Contextual Definition: Headless Browser
WIKIPEDIA: A headless browser is a web browser without a graphical user interface. Headless browsers provide automated control of a web page in an environment similar to popular web browsers, but they are executed via a command-line interface or using network communication. They are particularly useful for testing web pages as they are able to render and understand HTML the same way a browser would, including styling elements such as page layout, color, font selection and execution of JavaScript and Ajax which are usually not available when using other testing methods. Since version 59 of Google Chrome and version 56 of Firefox, there is native support for remote control of the browser. This made earlier efforts obsolete, notably PhantomJS.
== Primary Applications == The chief use cases for headless browsers include:
- Executing automated testing sequences for contemporary web platforms.
- Generating static image captures of rendered web documents.
- Orchestrating automated validation runs for JavaScript libraries.
- Automating complex user interactions with dynamic web interfaces.
=== Secondary Applications === Headless browsers also serve valuable functions in web data harvesting. Google indicated in 2009 that employing a headless browser could aid in indexing content from sites heavily reliant on Ajax.
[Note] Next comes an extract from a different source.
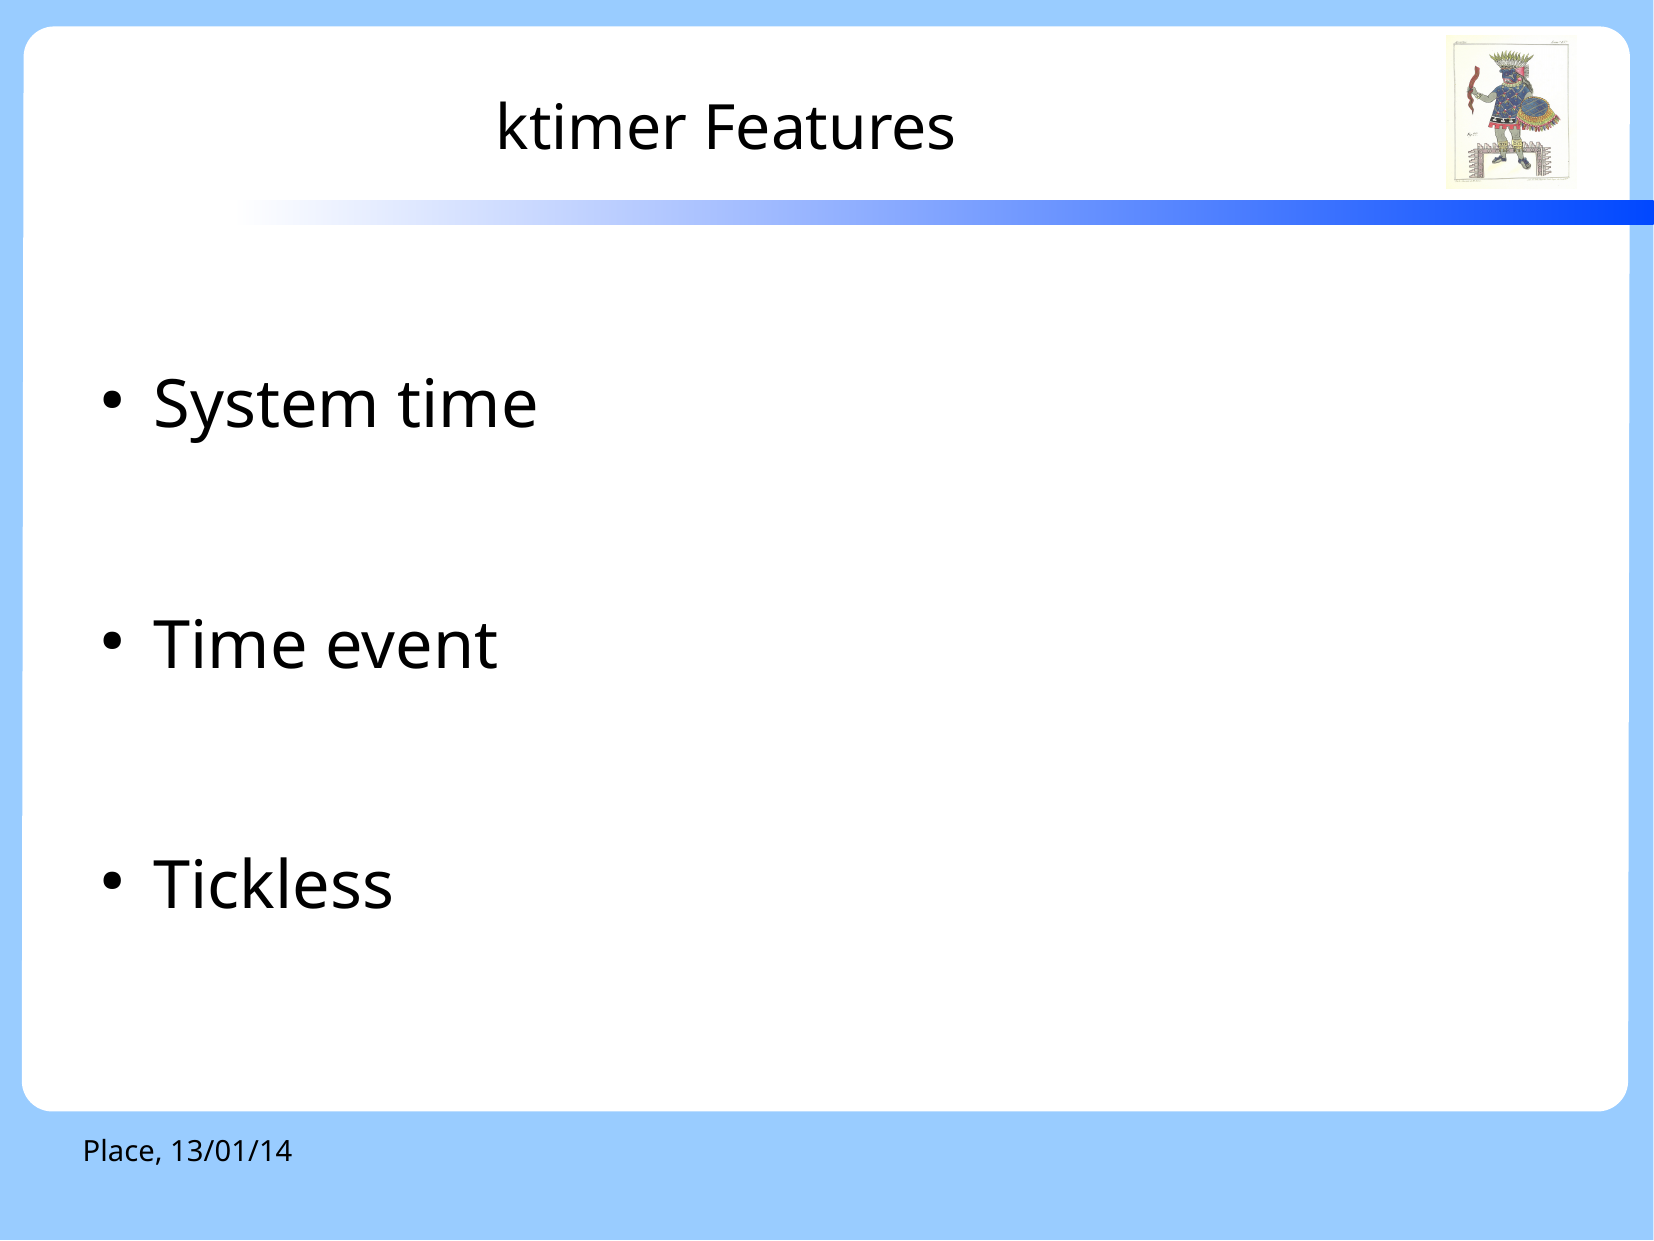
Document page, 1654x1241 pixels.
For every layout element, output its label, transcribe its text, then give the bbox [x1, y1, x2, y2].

picture [1446, 35, 1577, 189]
title ktimer Features [82, 49, 1371, 201]
list System time Time event Tickless [82, 236, 1571, 1055]

Conversely, headless browser technology has been leveraged nefariously for activities such as:
- Initiating distributed denial-of-service attacks against web servers.
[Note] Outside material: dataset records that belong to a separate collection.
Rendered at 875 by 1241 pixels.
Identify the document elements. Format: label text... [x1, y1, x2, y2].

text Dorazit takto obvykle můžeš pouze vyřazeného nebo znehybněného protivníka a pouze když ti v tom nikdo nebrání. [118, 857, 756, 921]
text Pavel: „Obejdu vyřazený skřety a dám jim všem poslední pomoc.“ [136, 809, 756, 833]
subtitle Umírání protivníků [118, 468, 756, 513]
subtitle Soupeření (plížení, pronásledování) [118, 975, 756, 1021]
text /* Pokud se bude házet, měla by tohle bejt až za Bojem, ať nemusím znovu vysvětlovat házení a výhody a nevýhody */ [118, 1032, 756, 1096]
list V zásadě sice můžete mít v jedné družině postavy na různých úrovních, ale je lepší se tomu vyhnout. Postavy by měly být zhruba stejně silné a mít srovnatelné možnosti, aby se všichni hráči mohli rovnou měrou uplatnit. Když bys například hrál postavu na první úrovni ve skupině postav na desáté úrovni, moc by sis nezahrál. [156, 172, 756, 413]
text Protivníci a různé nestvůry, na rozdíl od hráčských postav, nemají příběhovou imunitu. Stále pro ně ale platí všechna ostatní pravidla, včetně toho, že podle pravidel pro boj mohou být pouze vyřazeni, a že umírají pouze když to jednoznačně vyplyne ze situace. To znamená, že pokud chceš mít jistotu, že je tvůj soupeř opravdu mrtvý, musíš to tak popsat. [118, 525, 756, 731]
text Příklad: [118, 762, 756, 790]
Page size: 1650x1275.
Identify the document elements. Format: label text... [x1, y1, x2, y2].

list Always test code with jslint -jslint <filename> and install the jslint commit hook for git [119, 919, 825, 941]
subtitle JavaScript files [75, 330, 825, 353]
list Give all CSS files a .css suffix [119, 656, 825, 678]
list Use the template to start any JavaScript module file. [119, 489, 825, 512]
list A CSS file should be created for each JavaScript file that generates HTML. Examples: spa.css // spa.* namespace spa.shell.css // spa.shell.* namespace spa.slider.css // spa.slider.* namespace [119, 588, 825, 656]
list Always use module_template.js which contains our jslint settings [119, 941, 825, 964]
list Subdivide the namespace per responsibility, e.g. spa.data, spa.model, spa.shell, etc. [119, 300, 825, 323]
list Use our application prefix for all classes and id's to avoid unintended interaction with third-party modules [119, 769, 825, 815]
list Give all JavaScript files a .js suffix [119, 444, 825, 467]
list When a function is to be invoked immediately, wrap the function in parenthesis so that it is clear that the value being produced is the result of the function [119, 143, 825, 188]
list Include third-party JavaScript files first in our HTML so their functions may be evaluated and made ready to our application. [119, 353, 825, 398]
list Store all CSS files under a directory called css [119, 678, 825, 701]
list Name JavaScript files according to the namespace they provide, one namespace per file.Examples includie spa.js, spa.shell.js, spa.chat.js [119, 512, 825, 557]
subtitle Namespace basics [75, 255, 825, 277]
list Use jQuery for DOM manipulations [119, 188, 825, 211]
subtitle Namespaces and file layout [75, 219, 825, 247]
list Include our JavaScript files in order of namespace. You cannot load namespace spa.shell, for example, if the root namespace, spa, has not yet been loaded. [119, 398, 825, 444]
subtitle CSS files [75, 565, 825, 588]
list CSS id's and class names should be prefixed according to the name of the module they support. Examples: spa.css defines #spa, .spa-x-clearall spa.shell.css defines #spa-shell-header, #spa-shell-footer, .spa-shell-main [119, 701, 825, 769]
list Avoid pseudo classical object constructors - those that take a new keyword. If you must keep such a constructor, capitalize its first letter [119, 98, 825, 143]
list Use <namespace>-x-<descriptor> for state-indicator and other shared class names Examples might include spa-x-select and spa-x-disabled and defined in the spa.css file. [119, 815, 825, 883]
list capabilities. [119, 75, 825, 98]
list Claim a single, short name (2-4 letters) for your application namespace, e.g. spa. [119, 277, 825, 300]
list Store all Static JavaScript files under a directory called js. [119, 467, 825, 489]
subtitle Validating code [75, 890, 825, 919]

- Artificially inflating digital advertisement view counts.
- Executing web interactions contrary to site terms of service (e.g., automated credential testing). However, a comprehensive traffic analysis conducted in 2018 revealed no discernible bias by malicious entities favoring headless browser deployment over traditional browsers for harmful operations like DDoS, SQL injection, or XSS exploits.
== Automation Frameworks == As several leading browser engines natively support headless execution modes via dedicated APIs, established software solutions have emerged to offer standardized automation interfaces. These include:
- Selenium WebDriver – A framework adhering to the W3C WebDriver specification.
- Playwright – A Node.js utility designed for cross-engine automation (Chromium, Firefox, WebKit).
- Puppeteer – A specialized Node.js library targeting Chrome and Firefox control.
=== Test Harness Integration === Certain software solutions for quality assurance integrate headless browsing capabilities directly into their operational apparatus.
- Capybara relies on headless browsing (via WebKit or Headless Chrome) to simulate user actions within its testing protocols.
- Jasmine defaults to Selenium but permits configuration for WebKit or Headless Chrome execution.
- Cypress, a prominent frontend testing environment.
- QF-Test, a tool for automated GUI testing that supports headless browser utilization.
=== Alternative Rendering Approaches ===
An alternative paradigm involves utilizing environments that expose browser-like APIs without full rendering capabilities. For example, Deno incorporates inherent browser APIs within its architecture. For Node.js environments, jsdom stands as the most feature-complete simulation. While these often support core browser functionalities (HTML parsing, cookies, XHR, limited JavaScript execution), they generally lack full DOM rendering fidelity and possess restricted DOM event handling compared to true headless execution, typically resulting in faster execution times than full-stack headless browsers.